Based on the existing literature on the subject, one can argue albeit the seminal theories on the subject can help us to arrive at appropriate a-priori expectations that COVID-19 deaths can have a robust impact on the foreign exchange market by depreciating the currencies of the major COVID-19 hot spots for the market expectations about the future path of the exchange rates would be downgraded. Nevertheless, since the topic is developing and of global concern, the present study attempts to unravel the nexus between the COVID-19 crisis and exchange rate movements by empirically testing an a-priori hypothesis: the COVID-19 deaths would result in depreciation of the sample economies currencies.

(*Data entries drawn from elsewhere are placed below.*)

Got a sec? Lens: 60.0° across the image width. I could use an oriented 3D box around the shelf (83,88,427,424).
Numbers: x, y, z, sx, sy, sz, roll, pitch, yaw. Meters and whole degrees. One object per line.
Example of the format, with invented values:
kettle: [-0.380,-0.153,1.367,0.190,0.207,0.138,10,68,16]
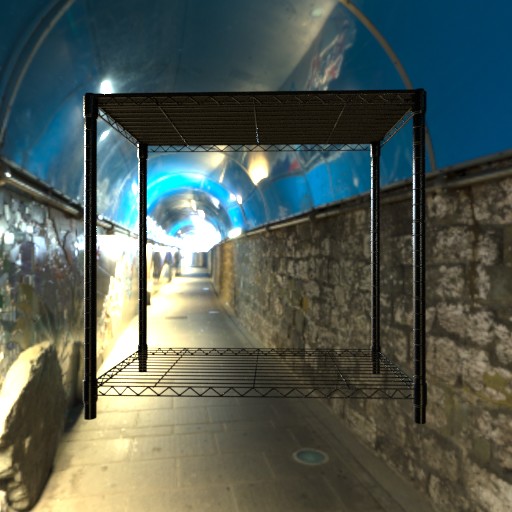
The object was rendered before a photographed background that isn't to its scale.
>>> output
shelf: [0.000,0.000,0.918,0.589,0.564,0.338,0,0,2]
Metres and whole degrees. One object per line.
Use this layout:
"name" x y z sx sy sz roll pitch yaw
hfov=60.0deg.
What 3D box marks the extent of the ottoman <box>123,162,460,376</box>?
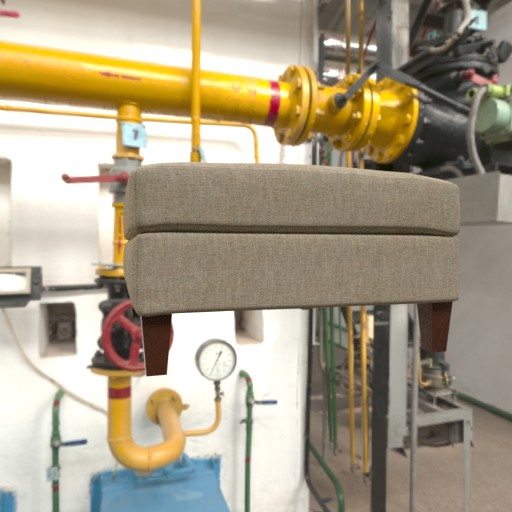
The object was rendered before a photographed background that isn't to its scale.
"ottoman" 0.000 0.000 1.473 0.836 0.492 0.976 0 1 -17
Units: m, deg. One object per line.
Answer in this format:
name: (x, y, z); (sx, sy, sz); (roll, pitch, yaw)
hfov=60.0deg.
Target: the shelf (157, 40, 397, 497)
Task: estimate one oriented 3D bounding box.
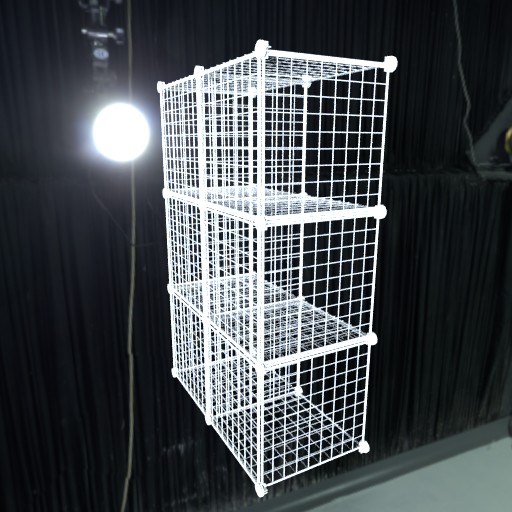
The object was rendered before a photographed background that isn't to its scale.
shelf: (0.000, 0.000, 1.371); (0.356, 1.067, 0.711); (-8, 16, -28)
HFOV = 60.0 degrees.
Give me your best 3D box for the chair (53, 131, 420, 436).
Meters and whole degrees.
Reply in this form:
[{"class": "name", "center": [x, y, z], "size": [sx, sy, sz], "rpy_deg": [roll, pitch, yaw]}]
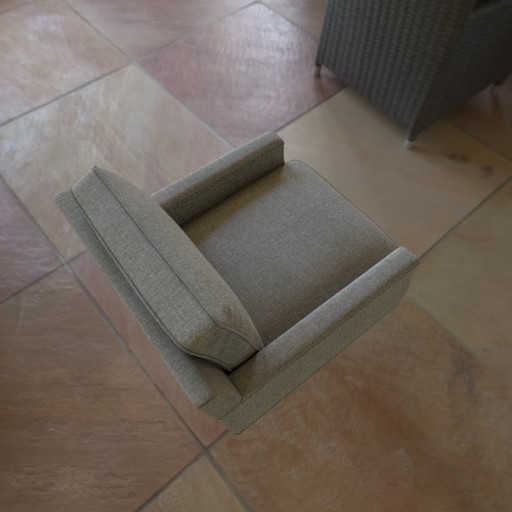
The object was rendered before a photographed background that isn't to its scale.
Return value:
[{"class": "chair", "center": [0.000, 0.000, 1.692], "size": [1.014, 0.943, 0.853], "rpy_deg": [-33, 64, -19]}]
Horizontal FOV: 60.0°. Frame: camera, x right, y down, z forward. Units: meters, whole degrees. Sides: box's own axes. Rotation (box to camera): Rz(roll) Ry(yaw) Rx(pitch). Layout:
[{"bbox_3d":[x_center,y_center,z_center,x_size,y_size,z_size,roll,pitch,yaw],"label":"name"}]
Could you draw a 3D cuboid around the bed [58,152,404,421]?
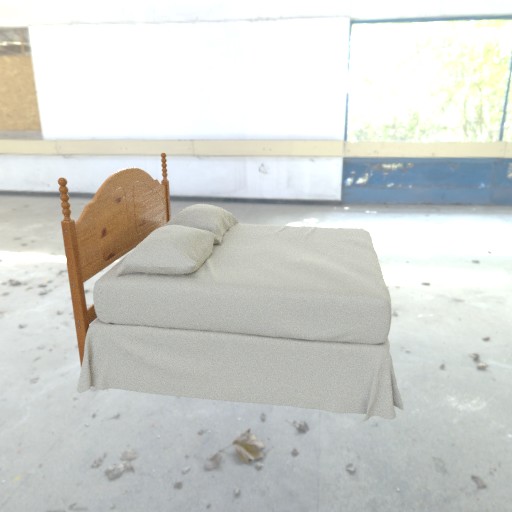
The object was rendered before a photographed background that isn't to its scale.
[{"bbox_3d":[0.000,0.000,3.331,2.040,1.356,1.873,3,18,9],"label":"bed"}]
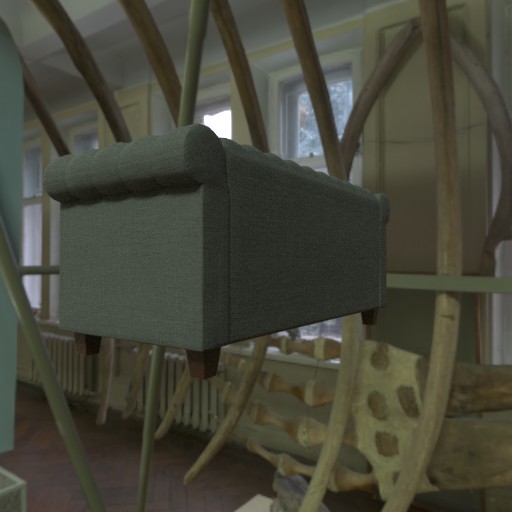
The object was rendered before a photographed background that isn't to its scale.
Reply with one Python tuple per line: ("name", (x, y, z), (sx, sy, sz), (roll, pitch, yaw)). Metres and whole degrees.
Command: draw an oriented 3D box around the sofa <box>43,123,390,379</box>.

Hence, understanding the relationship between COVID-19 and exchange rate movements is important in assessing macroeconomic performance at the moment. Traders, investors, policymakers, and other stakeholders are all keen to understand the underlying relationship. As a result, we intend to provide evidence on the COVID-19 effects on exchange change rates at the panel level, without limiting our study to a specific country or region. The current study used a large sample from various regions where the impact of COVID-19 on exchange rate movements has garnered little attention to date. In a nutshell, based on the seminal work (Asset-market approach to the determination of exchange rates), this study tested the a priori expectation that an increase in the COVID-19 deaths would depreciate the sample economies’ currencies, causing market expectations about the future path of the exchange rates to be downgraded.

Methods

The present study employed panel data modeling to analyze the impact of COVID-19 deaths (LTD) on the exchange rate (LEXC)Footnote 7 of six COVID-19 major hot spots, namely Brazil, China, India, Italy, Turkey, and the United Kingdom. The COVID-19 deaths are used as a proxy for market expectations. More precisely, market expectations can be used to forecast the future values of the exchange rates. Any country that is hit hard by the current black swan event would expect its currency to depreciate considerably, for the market expectations would be downgraded in fear that parts of the economy might need to be shut down. Thus, the demand for the domestic currency would decline substantially. The daily data on the COVID-19 deaths and exchange rates of the sample economiesFootnote 8 have been retrieved from Our World in Data (COVID-19 Database) and Bank of International Settlements, respectively. The daily observations on the variables have been deliberately used from March 11, 2020,Footnote 9 to December 31, 2020.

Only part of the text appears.